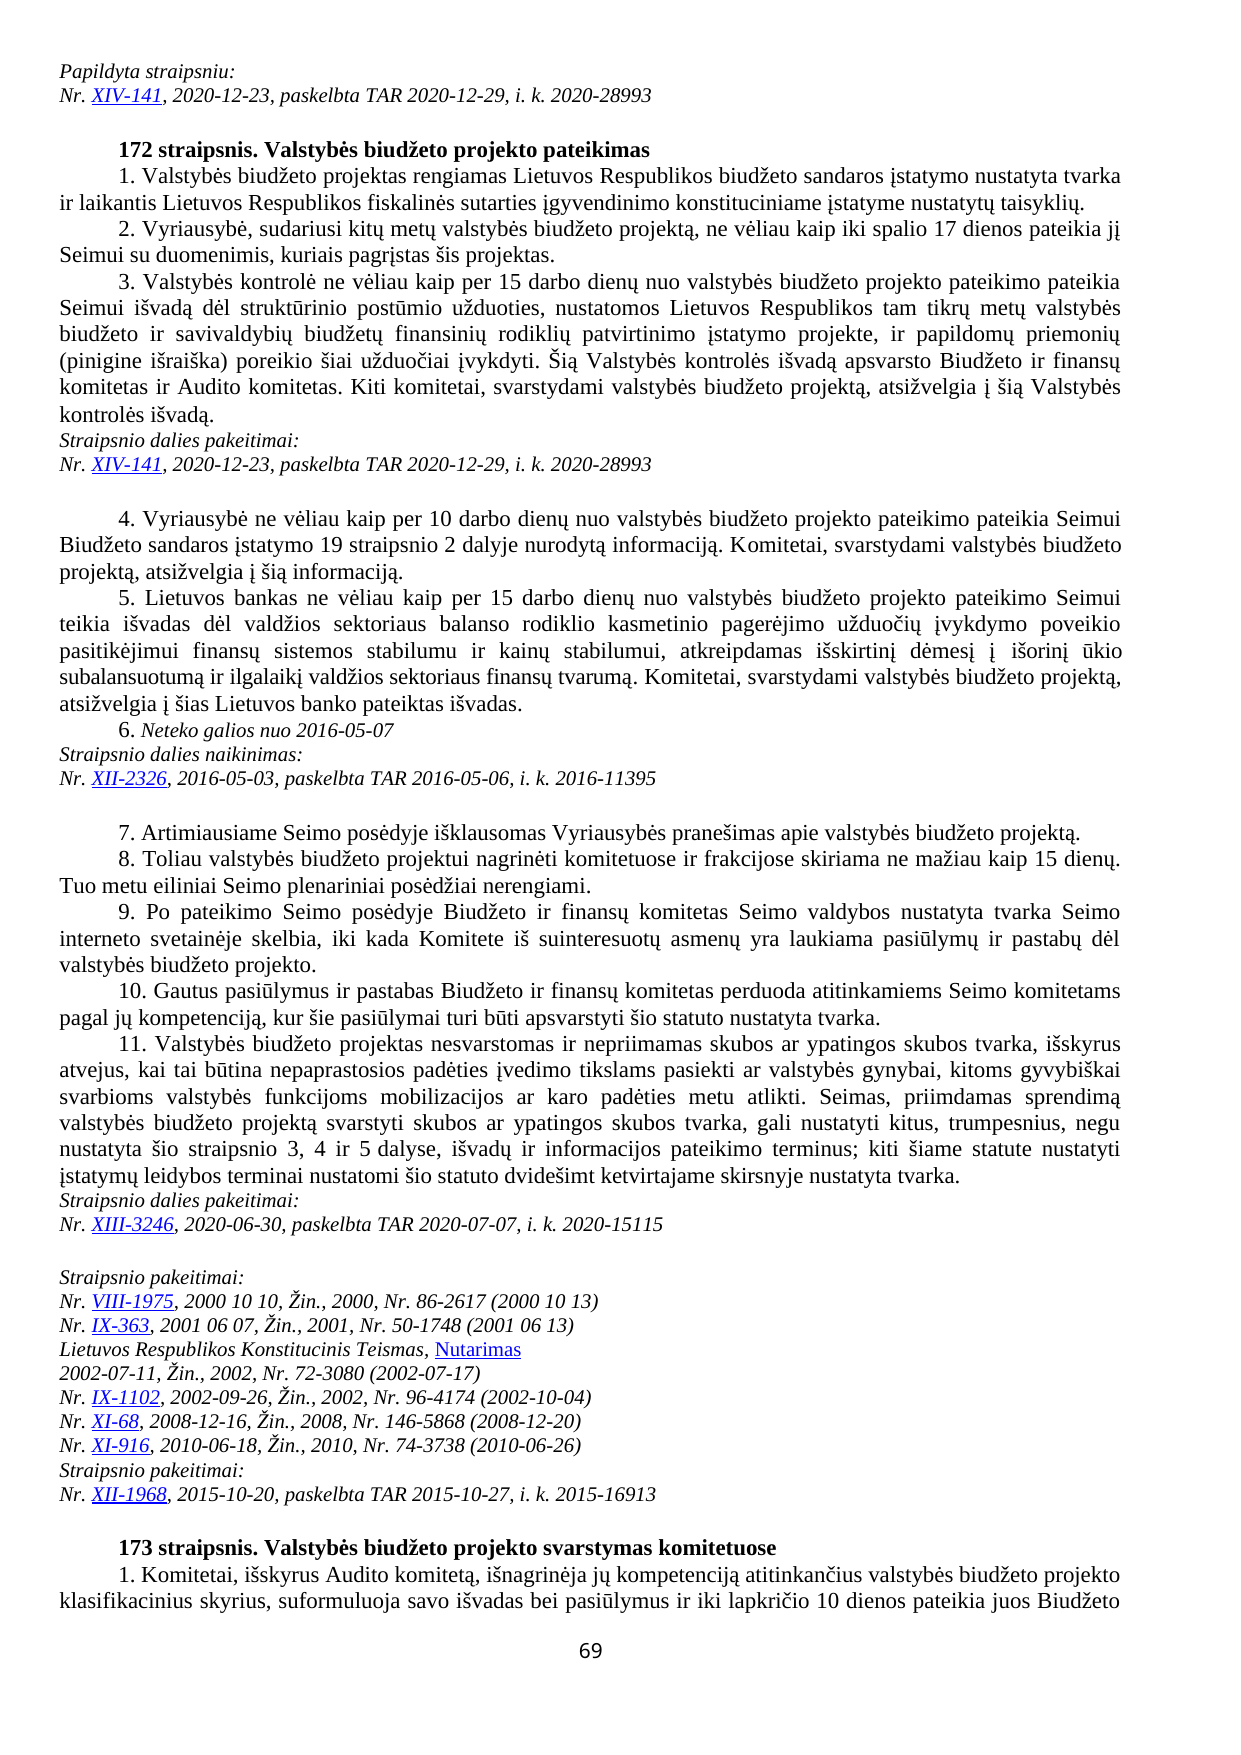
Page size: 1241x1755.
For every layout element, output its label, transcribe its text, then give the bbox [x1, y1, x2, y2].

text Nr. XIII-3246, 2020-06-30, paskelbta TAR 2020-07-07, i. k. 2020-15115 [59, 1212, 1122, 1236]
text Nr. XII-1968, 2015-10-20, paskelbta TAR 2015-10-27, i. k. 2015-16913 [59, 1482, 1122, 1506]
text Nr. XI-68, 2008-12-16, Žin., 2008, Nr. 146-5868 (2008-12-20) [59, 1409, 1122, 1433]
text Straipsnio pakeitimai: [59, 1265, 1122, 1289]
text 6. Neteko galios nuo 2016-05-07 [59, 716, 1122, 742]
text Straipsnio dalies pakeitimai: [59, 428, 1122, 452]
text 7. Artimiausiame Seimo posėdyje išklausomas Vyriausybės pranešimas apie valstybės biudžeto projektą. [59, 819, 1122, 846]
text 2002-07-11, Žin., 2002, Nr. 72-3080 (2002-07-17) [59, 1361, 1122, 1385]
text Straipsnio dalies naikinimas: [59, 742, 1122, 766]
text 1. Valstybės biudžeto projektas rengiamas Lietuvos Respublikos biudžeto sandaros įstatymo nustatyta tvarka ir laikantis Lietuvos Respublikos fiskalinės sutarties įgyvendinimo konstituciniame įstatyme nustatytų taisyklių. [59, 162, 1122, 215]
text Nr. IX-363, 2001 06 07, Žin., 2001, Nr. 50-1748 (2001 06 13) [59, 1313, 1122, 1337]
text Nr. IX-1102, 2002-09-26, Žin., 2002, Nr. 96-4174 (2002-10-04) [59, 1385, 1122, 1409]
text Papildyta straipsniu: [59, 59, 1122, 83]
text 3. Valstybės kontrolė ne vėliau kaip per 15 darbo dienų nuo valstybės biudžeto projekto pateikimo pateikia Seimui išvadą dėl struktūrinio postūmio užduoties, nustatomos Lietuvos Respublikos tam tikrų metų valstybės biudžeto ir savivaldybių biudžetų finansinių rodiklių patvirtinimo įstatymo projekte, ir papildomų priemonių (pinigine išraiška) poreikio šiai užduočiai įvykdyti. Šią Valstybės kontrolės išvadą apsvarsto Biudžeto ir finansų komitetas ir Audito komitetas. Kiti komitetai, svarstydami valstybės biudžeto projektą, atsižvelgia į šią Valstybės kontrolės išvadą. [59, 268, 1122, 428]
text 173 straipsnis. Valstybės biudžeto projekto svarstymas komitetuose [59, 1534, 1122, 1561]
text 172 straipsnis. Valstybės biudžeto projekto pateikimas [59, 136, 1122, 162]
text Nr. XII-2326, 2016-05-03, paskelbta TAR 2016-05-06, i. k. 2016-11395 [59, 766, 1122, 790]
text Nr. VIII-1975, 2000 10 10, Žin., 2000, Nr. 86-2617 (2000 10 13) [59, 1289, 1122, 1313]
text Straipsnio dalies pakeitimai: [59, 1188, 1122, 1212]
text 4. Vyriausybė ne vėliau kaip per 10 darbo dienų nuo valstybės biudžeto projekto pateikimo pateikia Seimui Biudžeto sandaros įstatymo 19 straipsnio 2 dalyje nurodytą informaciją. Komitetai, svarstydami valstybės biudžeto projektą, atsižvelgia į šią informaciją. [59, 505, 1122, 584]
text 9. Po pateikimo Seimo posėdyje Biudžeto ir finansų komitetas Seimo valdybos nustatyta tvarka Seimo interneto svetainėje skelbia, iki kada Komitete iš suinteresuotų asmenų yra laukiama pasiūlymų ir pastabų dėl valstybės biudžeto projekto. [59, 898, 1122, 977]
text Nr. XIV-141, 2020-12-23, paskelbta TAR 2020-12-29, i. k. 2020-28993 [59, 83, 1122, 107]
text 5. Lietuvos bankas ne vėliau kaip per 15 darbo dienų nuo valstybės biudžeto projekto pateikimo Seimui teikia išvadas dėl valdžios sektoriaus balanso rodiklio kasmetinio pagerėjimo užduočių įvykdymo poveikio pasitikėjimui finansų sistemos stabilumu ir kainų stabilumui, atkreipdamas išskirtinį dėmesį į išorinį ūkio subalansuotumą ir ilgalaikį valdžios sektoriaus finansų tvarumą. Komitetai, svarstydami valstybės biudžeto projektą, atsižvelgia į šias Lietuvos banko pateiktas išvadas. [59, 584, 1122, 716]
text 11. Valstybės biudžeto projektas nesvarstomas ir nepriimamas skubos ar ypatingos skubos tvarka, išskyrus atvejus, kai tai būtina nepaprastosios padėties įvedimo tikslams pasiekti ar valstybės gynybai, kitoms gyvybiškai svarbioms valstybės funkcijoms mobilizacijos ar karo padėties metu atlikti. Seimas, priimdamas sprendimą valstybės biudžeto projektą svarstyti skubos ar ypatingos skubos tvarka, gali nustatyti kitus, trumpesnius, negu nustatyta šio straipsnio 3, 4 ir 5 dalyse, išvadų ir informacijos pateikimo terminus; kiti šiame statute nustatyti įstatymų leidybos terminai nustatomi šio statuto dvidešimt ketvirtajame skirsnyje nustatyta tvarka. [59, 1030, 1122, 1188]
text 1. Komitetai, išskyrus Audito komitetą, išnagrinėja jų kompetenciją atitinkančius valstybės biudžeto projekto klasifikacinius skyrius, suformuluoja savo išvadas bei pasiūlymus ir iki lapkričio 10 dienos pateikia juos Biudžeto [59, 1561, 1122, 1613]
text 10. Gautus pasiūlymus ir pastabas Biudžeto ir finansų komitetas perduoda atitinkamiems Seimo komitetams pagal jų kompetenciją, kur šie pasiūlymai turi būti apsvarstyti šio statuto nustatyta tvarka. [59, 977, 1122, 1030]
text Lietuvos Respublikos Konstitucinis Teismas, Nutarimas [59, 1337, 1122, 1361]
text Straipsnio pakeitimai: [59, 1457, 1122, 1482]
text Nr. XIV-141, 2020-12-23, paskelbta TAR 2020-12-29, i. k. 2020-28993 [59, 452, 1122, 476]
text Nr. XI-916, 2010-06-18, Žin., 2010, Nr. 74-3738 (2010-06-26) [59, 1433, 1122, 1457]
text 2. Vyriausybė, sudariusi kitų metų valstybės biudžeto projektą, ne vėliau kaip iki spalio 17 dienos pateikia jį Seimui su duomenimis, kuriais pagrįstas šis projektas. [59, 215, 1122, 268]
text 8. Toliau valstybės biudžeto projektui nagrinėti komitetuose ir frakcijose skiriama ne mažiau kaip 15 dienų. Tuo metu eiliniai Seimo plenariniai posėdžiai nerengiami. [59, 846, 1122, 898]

--------

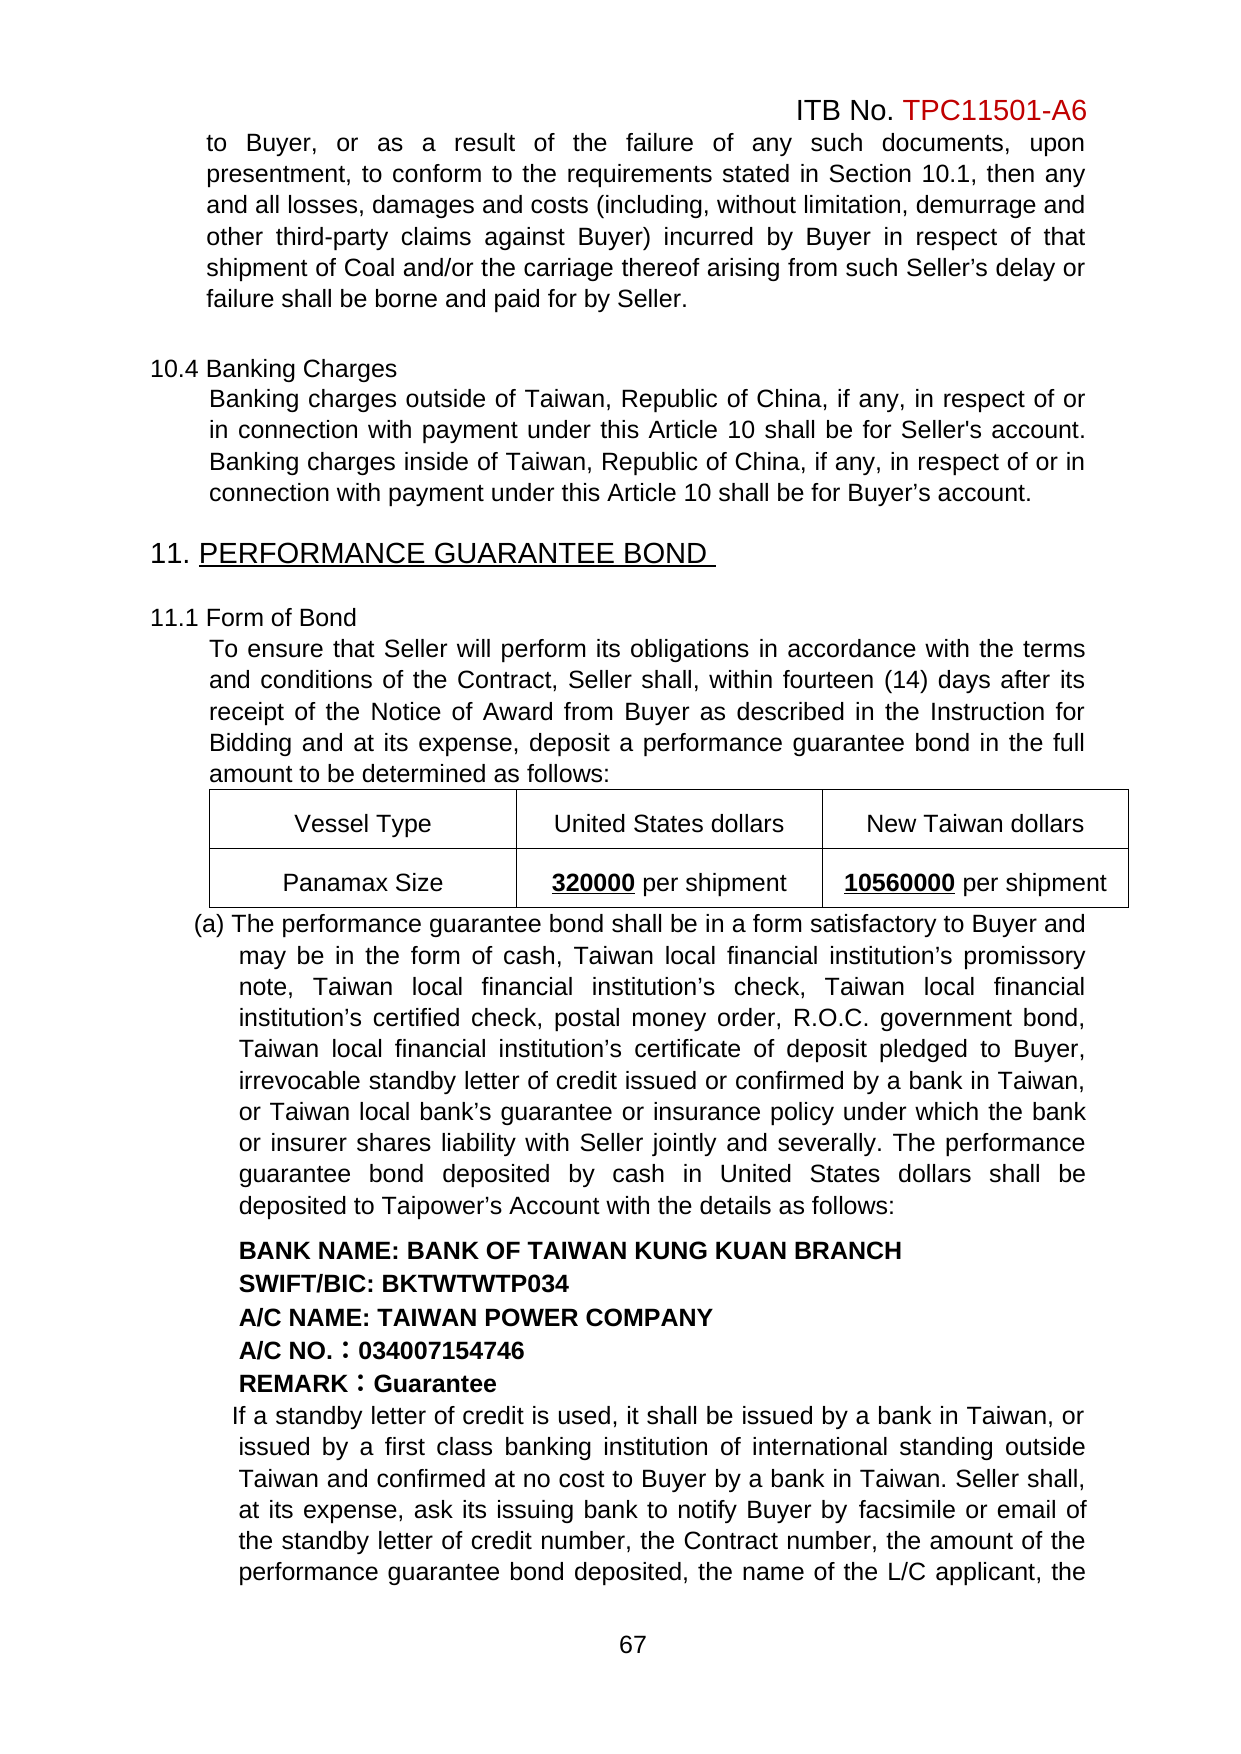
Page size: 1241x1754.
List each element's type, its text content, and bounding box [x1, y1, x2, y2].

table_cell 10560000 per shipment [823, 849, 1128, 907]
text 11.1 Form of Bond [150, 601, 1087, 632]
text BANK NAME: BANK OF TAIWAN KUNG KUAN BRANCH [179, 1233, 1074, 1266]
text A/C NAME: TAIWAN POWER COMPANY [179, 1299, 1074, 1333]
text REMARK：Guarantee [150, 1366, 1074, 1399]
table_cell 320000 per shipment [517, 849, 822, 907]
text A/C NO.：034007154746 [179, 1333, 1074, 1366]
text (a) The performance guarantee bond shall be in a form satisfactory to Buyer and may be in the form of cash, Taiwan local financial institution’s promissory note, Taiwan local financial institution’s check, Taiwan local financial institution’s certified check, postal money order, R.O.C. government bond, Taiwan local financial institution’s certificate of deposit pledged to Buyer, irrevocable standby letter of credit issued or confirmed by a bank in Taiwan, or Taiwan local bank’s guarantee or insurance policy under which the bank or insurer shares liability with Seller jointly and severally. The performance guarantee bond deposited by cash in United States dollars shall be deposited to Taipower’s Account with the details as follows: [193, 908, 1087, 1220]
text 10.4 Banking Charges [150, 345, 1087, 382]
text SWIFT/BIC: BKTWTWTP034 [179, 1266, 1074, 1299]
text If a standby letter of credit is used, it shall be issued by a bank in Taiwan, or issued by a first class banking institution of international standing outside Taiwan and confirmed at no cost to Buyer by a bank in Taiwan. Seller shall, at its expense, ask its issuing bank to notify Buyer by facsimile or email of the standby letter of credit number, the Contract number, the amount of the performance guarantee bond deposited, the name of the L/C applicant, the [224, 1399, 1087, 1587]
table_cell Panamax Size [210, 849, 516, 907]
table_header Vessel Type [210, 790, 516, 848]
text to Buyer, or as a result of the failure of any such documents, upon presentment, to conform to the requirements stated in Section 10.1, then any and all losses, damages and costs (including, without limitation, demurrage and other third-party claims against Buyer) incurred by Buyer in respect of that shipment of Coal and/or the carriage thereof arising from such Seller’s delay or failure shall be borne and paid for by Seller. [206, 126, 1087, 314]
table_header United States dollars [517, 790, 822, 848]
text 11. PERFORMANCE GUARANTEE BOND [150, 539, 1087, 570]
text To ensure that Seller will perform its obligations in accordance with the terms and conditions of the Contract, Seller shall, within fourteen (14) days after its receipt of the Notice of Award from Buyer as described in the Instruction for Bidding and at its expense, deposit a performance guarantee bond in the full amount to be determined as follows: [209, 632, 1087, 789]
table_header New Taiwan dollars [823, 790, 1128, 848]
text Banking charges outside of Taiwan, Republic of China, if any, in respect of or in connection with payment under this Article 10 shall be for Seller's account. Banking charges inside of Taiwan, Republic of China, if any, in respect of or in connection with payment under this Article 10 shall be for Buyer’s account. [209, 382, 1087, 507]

--------

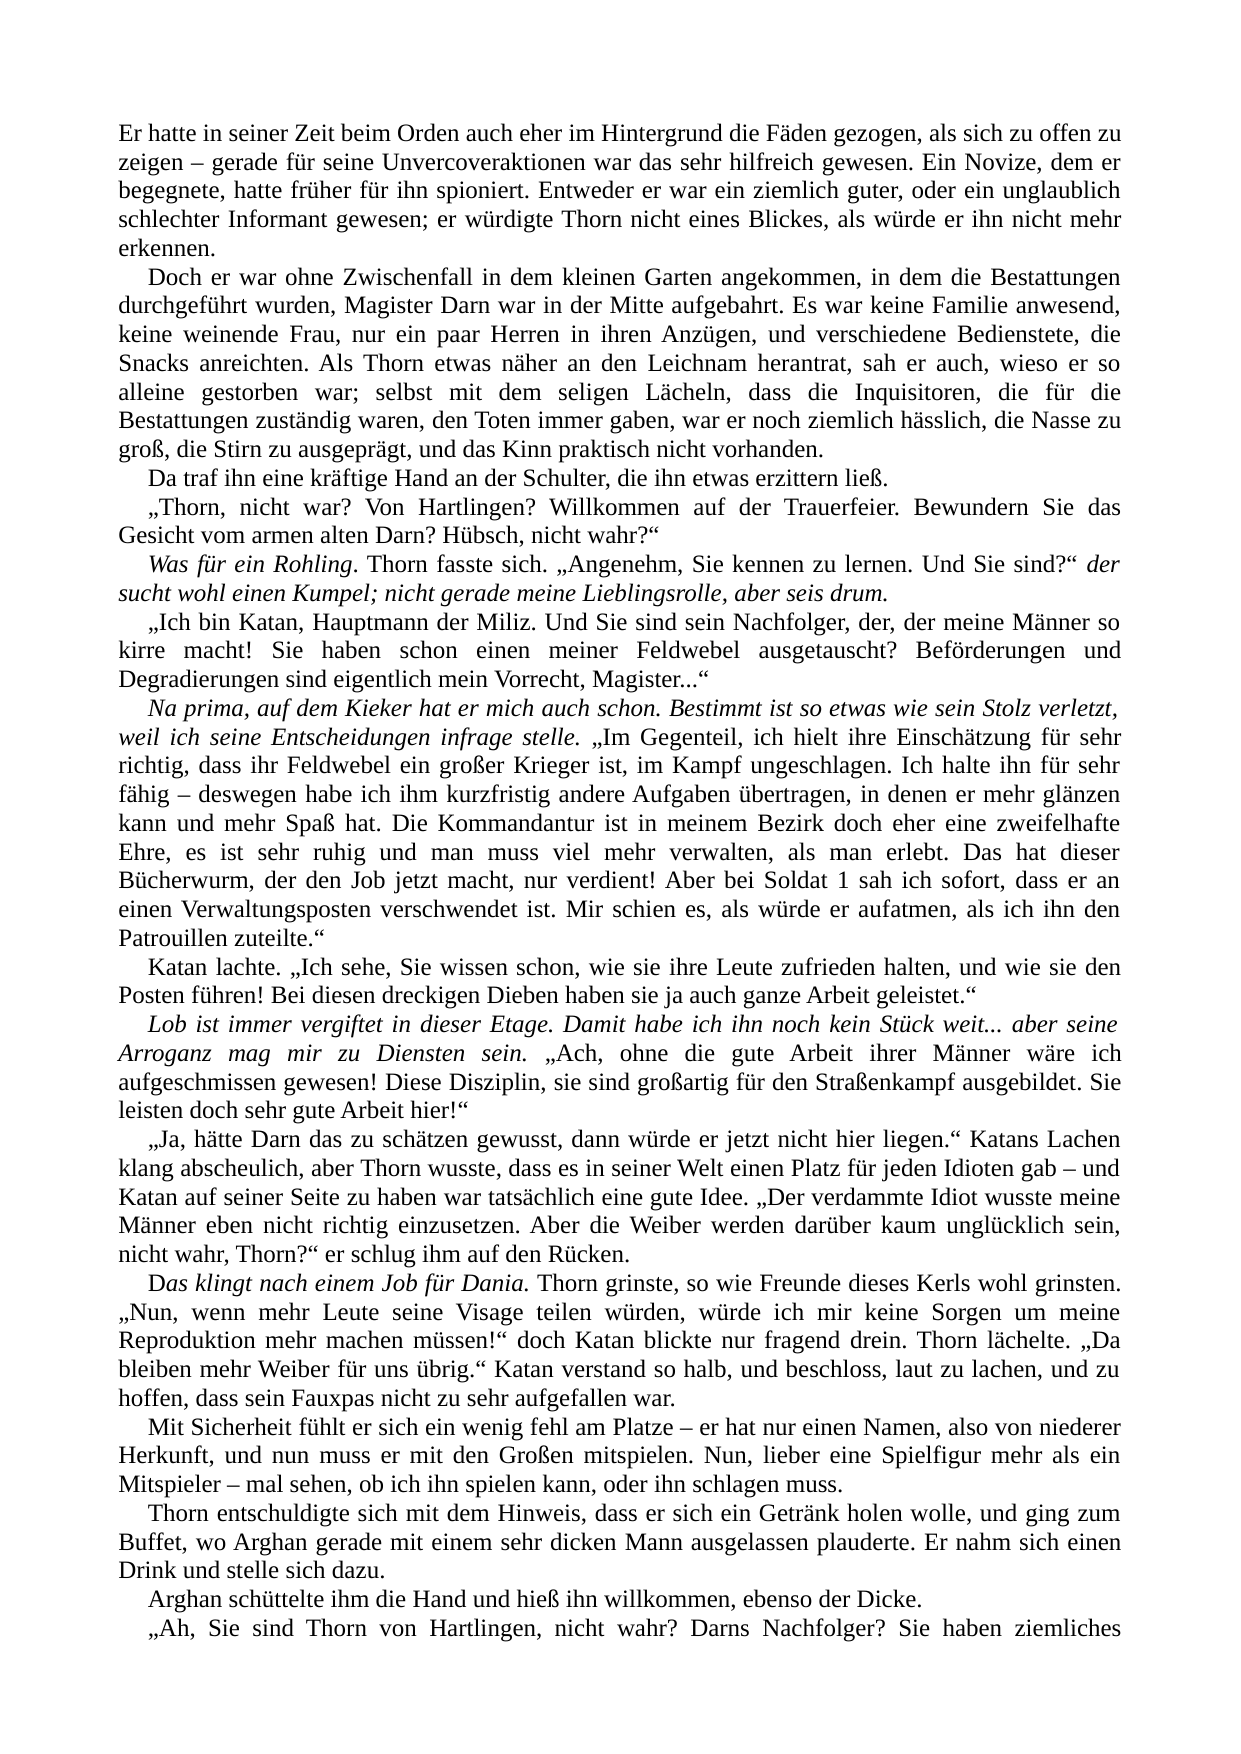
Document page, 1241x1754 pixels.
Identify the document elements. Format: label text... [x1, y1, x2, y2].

--------

- **YOUR INSTRUCTIONS**: Search the listing above for the lines with "Document page, 1241x1754 pixels." and "Identify the document", then output those lines and all lines between them exactly.

- **ANSWER SECTION**:
Document page, 1241x1754 pixels.
Identify the document elements. Format: label text... [x1, y1, x2, y2].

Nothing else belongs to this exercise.